Grand Stade Hassan II, une enceinte qui voit grand

Et le candidat marocain à l’accueil de la finale a de quoi faire trembler le Santiago Bernabéu et le Camp Nou. À Benslimane, le Maroc érige le Grand Stade Hassan II, une enceinte de 115.000 places appelée à compter parmi les plus grands stades de football au monde. Le chantier avance, loin du vacarme médiatique qui accompagne la bataille autour de la finale. L’objectif est clair: disposer d’une enceinte à la hauteur des exigences du plus grand match du football mondial et capable de rivaliser avec les deux géants espagnols.

Mais le projet ne se résume pas aux tribunes. C’est tout un écosystème qui est pensé autour du stade: espaces adaptés aux besoins d’une compétition de cette dimension, transports, accès et gestion des différents flux de spectateurs.

Même constat du côté des Skyboxes, ces loges haut de gamme destinées notamment aux invités et partenaires. Le Grand Stade Hassan II doit proposer 2.533 sièges dans cette catégorie, contre 2.371 pour son homologue madrilène.

L’enceinte a également été pensée pour faire face aux aléas climatiques susceptibles de survenir pendant la compétition. Un argument qui prend un relief particulier après les images du Camp Nou prenant l’eau lors de Barça-Feyenoord, pour la première rencontre de Ligue des champions disputée dans l’enceinte rénovée.

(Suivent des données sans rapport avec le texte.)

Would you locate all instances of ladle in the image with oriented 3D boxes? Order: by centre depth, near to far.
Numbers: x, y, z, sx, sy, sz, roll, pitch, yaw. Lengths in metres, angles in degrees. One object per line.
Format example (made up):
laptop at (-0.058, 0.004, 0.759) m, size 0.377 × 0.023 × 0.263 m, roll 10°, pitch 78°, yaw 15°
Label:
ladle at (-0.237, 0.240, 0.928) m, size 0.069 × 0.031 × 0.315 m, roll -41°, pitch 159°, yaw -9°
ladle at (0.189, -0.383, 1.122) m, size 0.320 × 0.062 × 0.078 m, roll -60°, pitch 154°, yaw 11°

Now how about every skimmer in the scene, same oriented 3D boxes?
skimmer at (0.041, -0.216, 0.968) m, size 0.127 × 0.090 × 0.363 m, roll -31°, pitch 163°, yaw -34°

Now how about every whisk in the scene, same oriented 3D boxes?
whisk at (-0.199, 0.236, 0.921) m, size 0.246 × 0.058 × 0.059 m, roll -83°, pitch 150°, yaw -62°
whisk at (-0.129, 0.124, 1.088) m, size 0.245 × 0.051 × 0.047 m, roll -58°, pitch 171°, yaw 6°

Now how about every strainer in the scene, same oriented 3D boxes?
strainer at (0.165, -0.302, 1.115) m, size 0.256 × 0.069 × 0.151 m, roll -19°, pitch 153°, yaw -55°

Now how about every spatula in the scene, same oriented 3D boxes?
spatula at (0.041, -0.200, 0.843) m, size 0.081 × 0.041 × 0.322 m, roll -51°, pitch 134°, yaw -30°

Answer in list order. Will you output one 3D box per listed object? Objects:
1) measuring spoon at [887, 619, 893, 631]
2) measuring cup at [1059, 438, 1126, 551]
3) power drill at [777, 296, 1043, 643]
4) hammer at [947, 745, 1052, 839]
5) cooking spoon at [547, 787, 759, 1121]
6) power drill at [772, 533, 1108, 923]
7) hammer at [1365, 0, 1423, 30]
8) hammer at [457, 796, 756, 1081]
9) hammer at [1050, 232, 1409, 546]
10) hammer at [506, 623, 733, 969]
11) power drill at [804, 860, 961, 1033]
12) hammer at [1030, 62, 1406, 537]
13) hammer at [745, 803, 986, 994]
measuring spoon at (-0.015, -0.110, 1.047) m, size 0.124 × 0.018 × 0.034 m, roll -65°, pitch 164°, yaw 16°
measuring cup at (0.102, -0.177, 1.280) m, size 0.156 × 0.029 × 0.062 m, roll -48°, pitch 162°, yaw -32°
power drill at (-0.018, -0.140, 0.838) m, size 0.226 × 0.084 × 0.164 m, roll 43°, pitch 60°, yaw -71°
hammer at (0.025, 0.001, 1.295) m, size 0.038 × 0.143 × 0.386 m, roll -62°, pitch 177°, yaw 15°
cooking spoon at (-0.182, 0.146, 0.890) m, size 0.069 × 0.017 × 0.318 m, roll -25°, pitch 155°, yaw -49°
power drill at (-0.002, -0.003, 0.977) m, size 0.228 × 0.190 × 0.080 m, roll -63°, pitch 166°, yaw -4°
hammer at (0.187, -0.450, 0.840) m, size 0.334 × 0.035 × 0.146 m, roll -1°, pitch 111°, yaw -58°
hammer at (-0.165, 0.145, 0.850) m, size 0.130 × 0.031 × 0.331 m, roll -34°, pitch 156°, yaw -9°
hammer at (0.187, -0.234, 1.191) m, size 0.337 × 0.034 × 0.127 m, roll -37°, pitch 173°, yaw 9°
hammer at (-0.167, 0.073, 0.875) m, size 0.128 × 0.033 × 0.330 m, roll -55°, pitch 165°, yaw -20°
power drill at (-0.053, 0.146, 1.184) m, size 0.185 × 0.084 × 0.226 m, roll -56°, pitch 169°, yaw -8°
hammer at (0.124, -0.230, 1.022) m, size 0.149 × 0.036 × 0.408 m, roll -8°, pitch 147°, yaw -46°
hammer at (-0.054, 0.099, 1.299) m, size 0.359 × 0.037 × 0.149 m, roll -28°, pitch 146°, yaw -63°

Le Santiago Bernabéu n’a pas davantage été épargné. Ses problèmes d’étanchéité ont eux aussi été pointés du doigt à plusieurs reprises, avec des images de certaines parties du stade touchées par d’importantes infiltrations lors de fortes pluies.

Et si le Grand Stade Hassan II fait autant grincer des dents de l’autre côté de la Méditerranée, ce n’est sans doute pas uniquement en raison de ses dimensions ou d’un projet pensé dans ses moindres détails. C’est aussi parce qu’il matérialise une ambition marocaine qui dépasse largement le Mondial 2030. Celle d’un pays qui entend désormais peser davantage dans le football mondial. Mais aussi celle d’un continent qui réclame une place à la hauteur de son poids dans ce sport.

Dans cette logique, voir l’Afrique accueillir une deuxième finale de Coupe du monde, au Maroc, vingt ans après Johannesburg, aurait évidemment tout son sens.